A more detailed exposition of the three essential metapsychological points of view is to be found in the paper on ‘Psycho-Analysis’ where we read:
‘Psychoanalysis, in its character of depth-psychology, considers mental life from three points of view: the dynamic, the economic and the topographical.
From the first of these standpoints, the dynamic one, psychoanalysis derives all mental processes (apart from the reception of external stimuli) from the interplay of forces, which assist or inhibit one another, combine with one another, enter into compromises with one another, etc. All of these forces are originally in the nature of instincts; thus they have an organic origin. They are characterized by possessing an immense (somatic) persistence and reserve of power (‘repetition-compulsion’); and they are represented mentally as images or ideas with an affective charge (‘cathexis’)….

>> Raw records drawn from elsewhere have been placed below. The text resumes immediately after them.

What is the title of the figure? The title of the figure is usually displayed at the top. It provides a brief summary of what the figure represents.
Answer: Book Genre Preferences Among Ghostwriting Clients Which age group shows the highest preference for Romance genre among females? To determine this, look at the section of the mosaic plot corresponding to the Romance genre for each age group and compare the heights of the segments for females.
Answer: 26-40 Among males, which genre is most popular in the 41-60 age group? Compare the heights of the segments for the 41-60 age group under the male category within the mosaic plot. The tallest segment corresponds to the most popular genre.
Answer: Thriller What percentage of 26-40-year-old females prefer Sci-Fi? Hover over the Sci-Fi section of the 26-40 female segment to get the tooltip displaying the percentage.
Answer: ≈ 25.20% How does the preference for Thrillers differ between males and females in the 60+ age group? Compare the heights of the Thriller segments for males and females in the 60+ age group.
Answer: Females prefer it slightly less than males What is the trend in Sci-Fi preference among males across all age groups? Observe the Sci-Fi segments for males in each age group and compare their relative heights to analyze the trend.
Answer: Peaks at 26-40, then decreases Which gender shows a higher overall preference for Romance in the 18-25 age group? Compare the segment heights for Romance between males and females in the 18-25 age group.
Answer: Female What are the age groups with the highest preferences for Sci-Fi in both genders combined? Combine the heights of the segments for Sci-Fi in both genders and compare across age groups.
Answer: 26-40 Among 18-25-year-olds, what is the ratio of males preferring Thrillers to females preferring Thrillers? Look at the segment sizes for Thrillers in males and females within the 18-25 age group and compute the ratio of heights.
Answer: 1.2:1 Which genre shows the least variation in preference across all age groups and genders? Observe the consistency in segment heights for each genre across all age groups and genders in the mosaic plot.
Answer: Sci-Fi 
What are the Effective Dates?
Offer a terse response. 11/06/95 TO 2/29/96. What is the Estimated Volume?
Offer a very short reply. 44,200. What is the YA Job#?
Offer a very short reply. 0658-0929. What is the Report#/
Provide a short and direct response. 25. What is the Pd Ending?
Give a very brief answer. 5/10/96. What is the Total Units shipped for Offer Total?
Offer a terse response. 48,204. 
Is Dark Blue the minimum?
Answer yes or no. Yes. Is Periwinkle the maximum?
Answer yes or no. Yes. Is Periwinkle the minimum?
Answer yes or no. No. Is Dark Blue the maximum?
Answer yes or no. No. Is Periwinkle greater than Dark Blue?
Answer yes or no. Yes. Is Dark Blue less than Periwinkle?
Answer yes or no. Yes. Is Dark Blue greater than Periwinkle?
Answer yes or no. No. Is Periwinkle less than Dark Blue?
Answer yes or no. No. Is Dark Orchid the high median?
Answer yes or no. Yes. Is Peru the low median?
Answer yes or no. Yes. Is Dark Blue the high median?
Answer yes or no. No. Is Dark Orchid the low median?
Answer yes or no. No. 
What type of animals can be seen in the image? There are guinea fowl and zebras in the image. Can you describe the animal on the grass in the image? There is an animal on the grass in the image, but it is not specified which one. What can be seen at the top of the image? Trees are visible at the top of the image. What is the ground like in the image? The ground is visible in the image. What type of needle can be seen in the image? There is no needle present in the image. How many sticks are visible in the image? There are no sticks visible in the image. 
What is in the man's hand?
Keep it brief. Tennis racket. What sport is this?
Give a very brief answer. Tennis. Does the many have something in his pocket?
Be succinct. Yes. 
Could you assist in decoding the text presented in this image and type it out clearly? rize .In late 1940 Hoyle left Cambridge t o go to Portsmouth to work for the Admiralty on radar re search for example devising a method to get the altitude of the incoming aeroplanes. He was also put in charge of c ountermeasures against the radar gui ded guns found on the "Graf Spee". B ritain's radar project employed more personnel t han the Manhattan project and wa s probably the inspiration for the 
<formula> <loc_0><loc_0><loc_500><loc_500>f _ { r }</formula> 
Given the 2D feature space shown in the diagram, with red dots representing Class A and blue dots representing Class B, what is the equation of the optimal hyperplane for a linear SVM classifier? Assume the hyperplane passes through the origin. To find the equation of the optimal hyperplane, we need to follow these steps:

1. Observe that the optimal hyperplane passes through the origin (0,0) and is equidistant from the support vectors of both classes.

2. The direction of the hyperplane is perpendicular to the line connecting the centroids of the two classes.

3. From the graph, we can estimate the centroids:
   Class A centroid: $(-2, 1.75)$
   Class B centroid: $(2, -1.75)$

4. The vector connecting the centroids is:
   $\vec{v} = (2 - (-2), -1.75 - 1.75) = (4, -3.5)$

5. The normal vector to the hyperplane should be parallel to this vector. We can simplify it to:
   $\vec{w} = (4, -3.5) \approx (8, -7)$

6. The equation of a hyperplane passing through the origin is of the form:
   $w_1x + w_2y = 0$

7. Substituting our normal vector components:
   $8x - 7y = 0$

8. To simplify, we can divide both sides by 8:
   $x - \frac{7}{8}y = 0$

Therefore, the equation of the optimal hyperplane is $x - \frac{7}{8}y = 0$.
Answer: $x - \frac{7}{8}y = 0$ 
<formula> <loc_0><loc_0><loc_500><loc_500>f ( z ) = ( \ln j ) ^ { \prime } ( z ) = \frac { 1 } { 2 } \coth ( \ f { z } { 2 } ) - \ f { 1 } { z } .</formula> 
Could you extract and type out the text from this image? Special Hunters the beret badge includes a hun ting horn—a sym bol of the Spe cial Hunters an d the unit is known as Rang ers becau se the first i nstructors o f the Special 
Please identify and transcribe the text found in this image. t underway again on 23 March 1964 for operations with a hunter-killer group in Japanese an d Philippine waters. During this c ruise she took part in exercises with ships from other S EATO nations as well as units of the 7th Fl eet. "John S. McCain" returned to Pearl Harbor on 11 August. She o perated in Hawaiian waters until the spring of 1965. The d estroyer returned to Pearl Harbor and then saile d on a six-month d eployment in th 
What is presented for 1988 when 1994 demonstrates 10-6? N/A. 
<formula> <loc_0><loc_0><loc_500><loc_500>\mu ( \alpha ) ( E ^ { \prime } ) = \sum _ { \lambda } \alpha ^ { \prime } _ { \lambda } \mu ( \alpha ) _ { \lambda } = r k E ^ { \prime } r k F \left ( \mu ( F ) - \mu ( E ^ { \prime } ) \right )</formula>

From the economic standpoint psychoanalysis supposes that the mental representations of the instincts have a cathexis of definite quantities of energy, and that it is the purpose of the mental apparatus to hinder any damming-up of these energies and to keep as low as possible the total amount of the excitations to which it is subject. The course of mental processes is automatically regulated by the ‘pleasure-pain principle’; and pain is thus in some way related to an increase of excitation and pleasure to a decrease. In the course of development the original pleasure principle undergoes a modification with reference to the external world, giving place to the ‘reality principle’, whereby the mental apparatus learns to postpone the pleasure of satisfaction and to tolerate temporarily feelings of pain.
Topographically, psychoanalysis regards the mental apparatus as a composite instrument, and endeavours to determine at what points in it the various mental processes take place. According to the most recent psychoanalytic views, the mental apparatus is composed of an ‘id’ which is the reservoir of the instinctive impulses, of an ‘ego’, which is the most superficial portion of the id and one which is modified by the influence of the external world, and of a ‘super-ego’, which develops out of the id, dominates the ego and represents the inhibitions of instinct characteristic of man. Further, the property of consciousness has a topographical reference; for processes in the id are entirely unconscious, while consciousness is the function of the ego’s outermost layer, which is concerned with the perception of the external world.’1
Freud’s reply (1915) to Abraham’s comments on the paper on ‘Mourning and Melancholia’ contains an important reference to metapsychology:
‘You do not emphasize enough the essential part of my hypothesis, i.e. the topographical consideration in it, the regression of the libido and the abandoning of the unconscious cathexis … instead you put sadism and anal-erotism in the foreground as the final explanation. Although you are correct in that, you pass by the real explanation. Anal-erotism, castration complexes, etc. are ubiquitous sources of excitation which must have their share in every clinical picture. One time this is made from them, another time that. Naturally we have the task of ascertaining what is made from them, but the explanation of the disorder can only be found in the mechanism—considered dynamically, topographically and economically.’2
His paper on ‘The Unconscious’ contains one of the clearest and most concise expositions of his metapsychology. He proposes in this paper that ‘when we have succeeded in describing a psychical process in its dynamic, topographical and economic aspects, we should speak of it as a metapsychological presentation. We must say at once that in the present state of our knowledge there are only a few points at which we shall succeed in this’.3 In the same paper he proceeds to ‘make a tentative effort to give a metapsychological description of the process of repression in the three transference neuroses which are familiar to us’, i.e. anxiety hysteria, conversion hysteria, and obsessional neurosis. We restrict ourselves here to Freud’s description of the first phase of a phobia, with some comments on what is implicit in it: ‘It consists in anxiety appearing without the subject knowing what he is afraid of.’ This statement implies the existence of forces in conflict (dynamic point of view) which, due perhaps to an increase in their magnitude, has led to the development of anxiety (economic point of view.)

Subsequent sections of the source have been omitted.